They Only Need to Be Good on Average


I like to think that I have good statistical horse sense, but that’s no substitute for knowing the subject properly. I’m seeking suggestions on good statistics texts. Longtime readers know that I’m not afraid of math, but in this case, I’m not especially interested in reading proofs of the most general case or derivations of the closest bounds possible. Instead, I’d like to learn:

  • Essential theory and notation of random variables and distributions with a reasonable degree of rigor.
  • The most significant distributions in a statistician’s toolkit, with good coverage of their distinguishing properties.
  • A well-explained treatment of statistical inference that discusses choice among tests of significant and necessary assumptions.
  • Some queueing theory, with an emphasis on the decisions that inform one’s choice of model.
  • Across all of the above, a satisfyingly elegant treatment of the common mathematical techniques that statisticians use when trying to understand the world, predict outcomes, simplify messy calculations, and minimize error terms.

I could go to the library and start pulling, or go online and read lots of reviews, but I figure that the readership here may have some better suggestions of particularly nice books on these topics.


I cut my teeth on Morris DeGroot’s “Probability and Statistics”; it has a strongly Bayesian flavor, because DeGroot was strongly Bayesian; divide through as necessary. Also: get the earlier edition, not the edition edited by Mark Schervish. You will thereby save yourself a nontrivial amount of money.

Feller’s 2-volume work is, as you may know, canonical, but it is also remarkably rigorous and very British; I’ve never been able to make it far into Feller.

My CMU professor, Larry Wasserman, has published a couple books about which I’ve heard good things: “All of Statistics” and “All of Nonparametrics”; I’ve not checked them out. CMU’s best stats professor (at least while I was there — Cosma Shalizi is there now, and I’d have to bet that he kicks butt as a teacher), Chris Genovese, has had a book in production for a while. He had a draft PDF up on his site for a while, but it seems to have come down now. I TAed for him; his material was always extremely useful, starting right away with non-toy problems geared to engineers. (E.g., use statistical methods to figure out the running time of a compiler, based on some models of how frequently new tokens appear in the source-code stream.)

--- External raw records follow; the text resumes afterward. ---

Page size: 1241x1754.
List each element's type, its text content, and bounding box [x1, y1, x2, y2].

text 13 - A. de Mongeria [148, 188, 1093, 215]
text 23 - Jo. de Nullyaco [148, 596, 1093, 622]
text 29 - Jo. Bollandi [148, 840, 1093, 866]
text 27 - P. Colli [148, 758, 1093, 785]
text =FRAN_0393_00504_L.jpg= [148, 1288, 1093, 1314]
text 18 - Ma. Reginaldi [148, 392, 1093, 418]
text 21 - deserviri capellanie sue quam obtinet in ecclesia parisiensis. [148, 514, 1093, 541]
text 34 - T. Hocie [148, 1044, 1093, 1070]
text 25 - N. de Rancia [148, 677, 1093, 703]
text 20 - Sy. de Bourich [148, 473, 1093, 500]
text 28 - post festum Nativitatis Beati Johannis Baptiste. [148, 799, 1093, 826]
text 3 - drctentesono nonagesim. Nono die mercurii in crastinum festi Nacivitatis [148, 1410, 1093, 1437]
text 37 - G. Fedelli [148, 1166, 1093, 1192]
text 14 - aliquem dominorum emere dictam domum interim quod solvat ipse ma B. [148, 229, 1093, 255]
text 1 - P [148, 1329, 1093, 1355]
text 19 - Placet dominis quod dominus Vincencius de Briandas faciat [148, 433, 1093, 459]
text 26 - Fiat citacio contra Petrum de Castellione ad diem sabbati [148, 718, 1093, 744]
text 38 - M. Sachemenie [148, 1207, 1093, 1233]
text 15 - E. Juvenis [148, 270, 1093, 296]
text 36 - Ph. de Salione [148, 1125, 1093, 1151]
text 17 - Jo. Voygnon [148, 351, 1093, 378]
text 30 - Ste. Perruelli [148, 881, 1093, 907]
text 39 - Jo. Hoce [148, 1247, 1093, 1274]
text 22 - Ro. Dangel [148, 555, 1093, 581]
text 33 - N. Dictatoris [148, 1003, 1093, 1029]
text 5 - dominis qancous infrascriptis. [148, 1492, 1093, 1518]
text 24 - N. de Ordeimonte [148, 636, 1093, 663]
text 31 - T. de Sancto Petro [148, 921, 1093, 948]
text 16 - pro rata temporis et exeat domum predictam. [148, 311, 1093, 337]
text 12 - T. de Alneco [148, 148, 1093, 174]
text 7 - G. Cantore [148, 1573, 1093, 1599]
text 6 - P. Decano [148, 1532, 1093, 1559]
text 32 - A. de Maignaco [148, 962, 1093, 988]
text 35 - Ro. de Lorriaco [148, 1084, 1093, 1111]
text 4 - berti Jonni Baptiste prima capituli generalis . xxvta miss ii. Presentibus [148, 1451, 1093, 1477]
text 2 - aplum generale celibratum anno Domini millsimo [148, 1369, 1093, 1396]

A couple other canonical ones, which may or may not be outdated by now: the two classic works by Erich Lehmann, late of UC Berkeley. They’re entitled “Testing Statistical Hypotheses” and “Theory of Point Estimation.”

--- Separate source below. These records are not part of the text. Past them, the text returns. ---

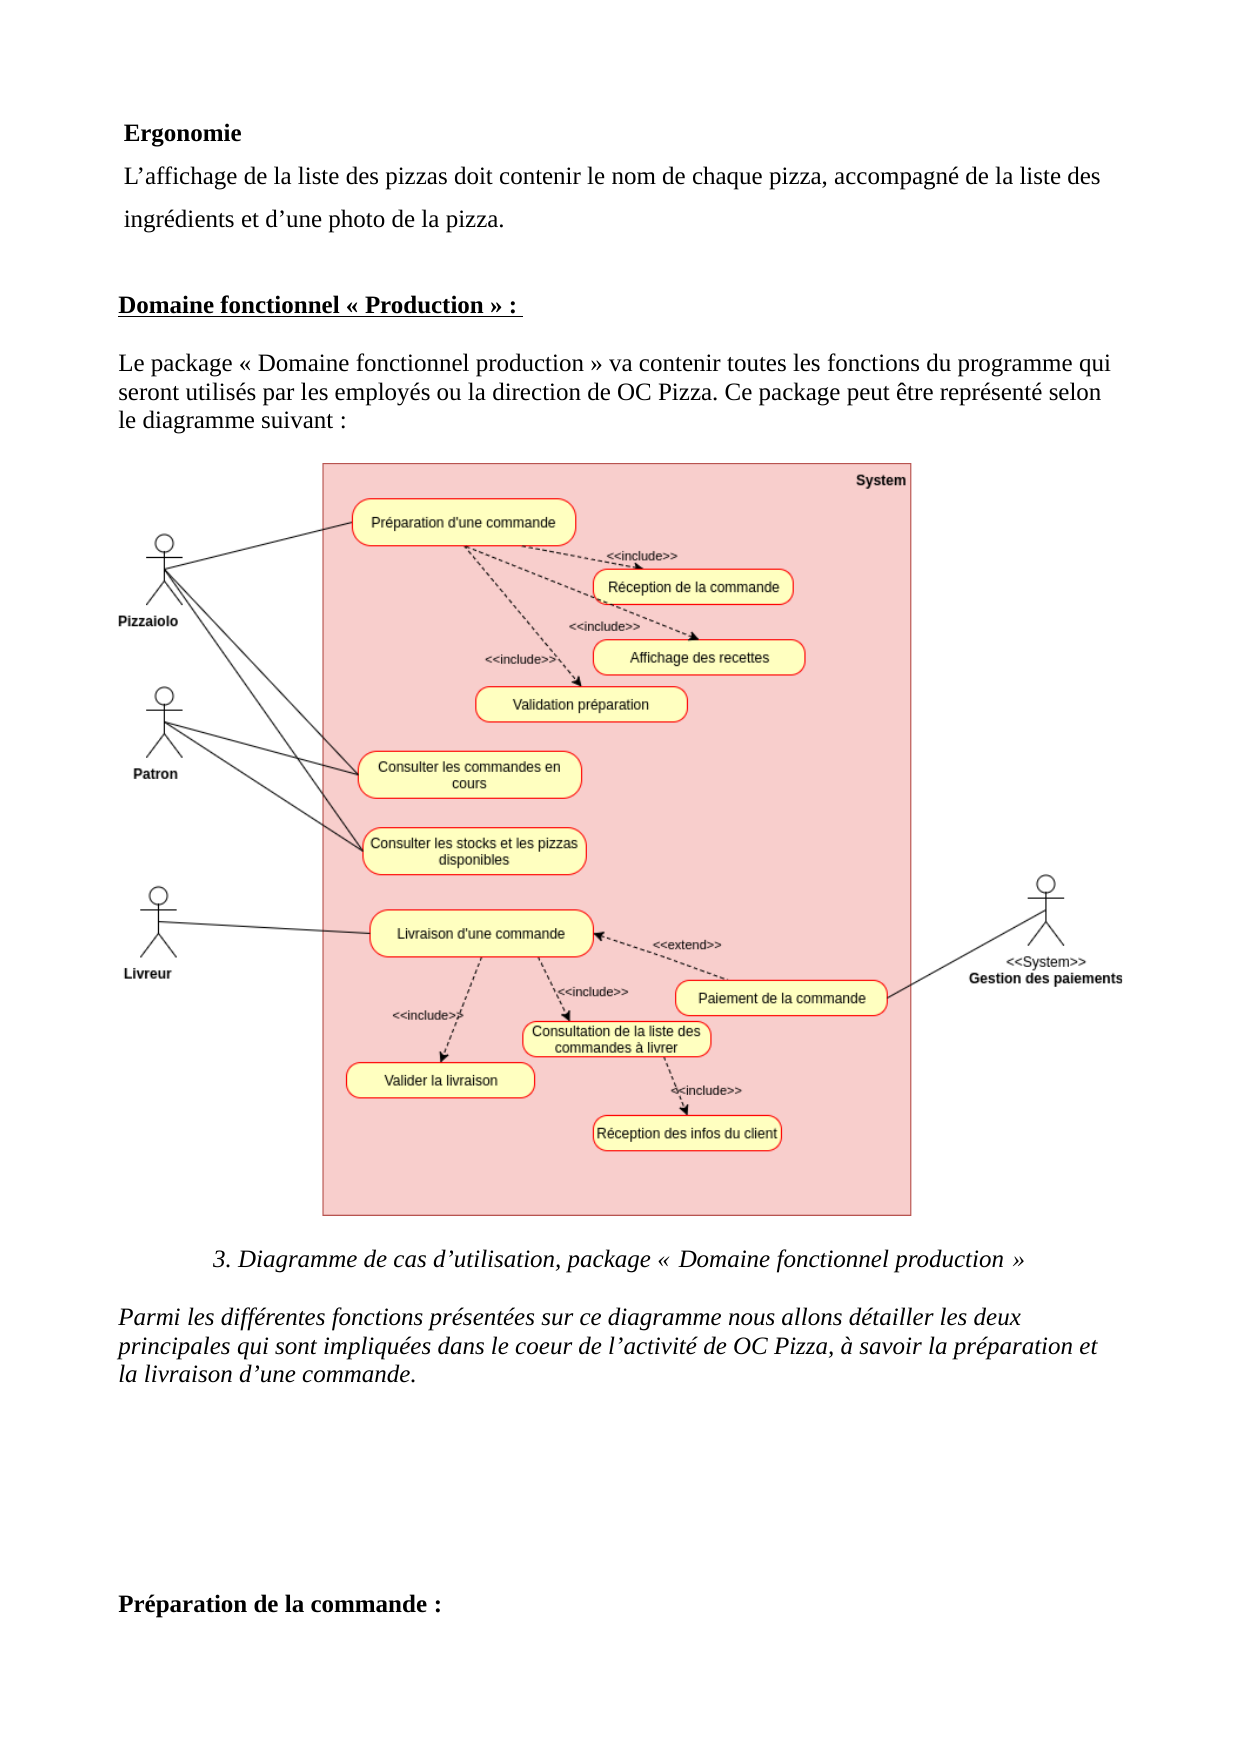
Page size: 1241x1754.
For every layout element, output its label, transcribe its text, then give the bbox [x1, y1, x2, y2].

text Parmi les différentes fonctions présentées sur ce diagramme nous allons détailler les deux principales qui sont impliquées dans le coeur de l’activité de OC Pizza, à savoir la préparation et la livraison d’une commande. [118, 1302, 1122, 1388]
text Préparation de la commande : [118, 1589, 1122, 1618]
text 3. Diagramme de cas d’utilisation, package « Domaine fonctionnel production » [118, 1244, 1122, 1273]
text Le package « Domaine fonctionnel production » va contenir toutes les fonctions du programme qui seront utilisés par les employés ou la direction de OC Pizza. Ce package peut être représenté selon le diagramme suivant : [118, 348, 1122, 434]
picture [118, 463, 1123, 1216]
text Domaine fonctionnel « Production » : [118, 291, 1122, 319]
table_cell Ergonomie L’affichage de la liste des pizzas doit contenir le nom de chaque pizza, accompagné de la liste des ingrédients et d’une photo de la pizza. [124, 118, 1123, 233]

That’s probably more information than you need. The quick takeaway is: DeGroot. You’ll get all the distributions you need, all the statistical testing, and so forth. You will be able to explain why the F-statistic looks the way it does, you will be able to describe the probability distribution of F-statistics, and you will learn a whole set of methods for deriving the distributions of other statistics. It’s a really great book.


Oh, I meant to include one that is somewhere between DeGroot and Lehmann: Casella/Berger’s “Statistical Inference.” Great text. Advanced undergrad or beginning graduate level.

Also generally check out anything by Andrew Gelman, whose book “Red State, Blue State, Rich State, Poor State” just came out. His (along with Carlin, Stern, and Rubin) “Bayesian Data Analysis” is a classic, though specialized.

Finally, since we’re talking specialization: you might enjoy Markov Chain Monte Carlo In Practice, if you’re interested in that kind of thing. It might tickle the computer scientist in you. The idea is that you want to simulate a complicated random variable, which you can generate only as the steady state of a long Markov chain. That’s quite specialized, but also quite fun. And if you’ve ever generated random variables on a computer, you’d certainly appreciate MCMC. (Historical bonus: the initial theory came out of the Manhattan Project. They needed to do complicated integrals, and it turns out that you can approximate a large class of integrals as the expected value of a specially chosen random variable.)


More lightheartedly, how about the Cartoon Guide to Statistics, by Larry Gonick?


I’ve got the Cartoon Guide to Statistics; I’m looking to kick it up a few notches from there.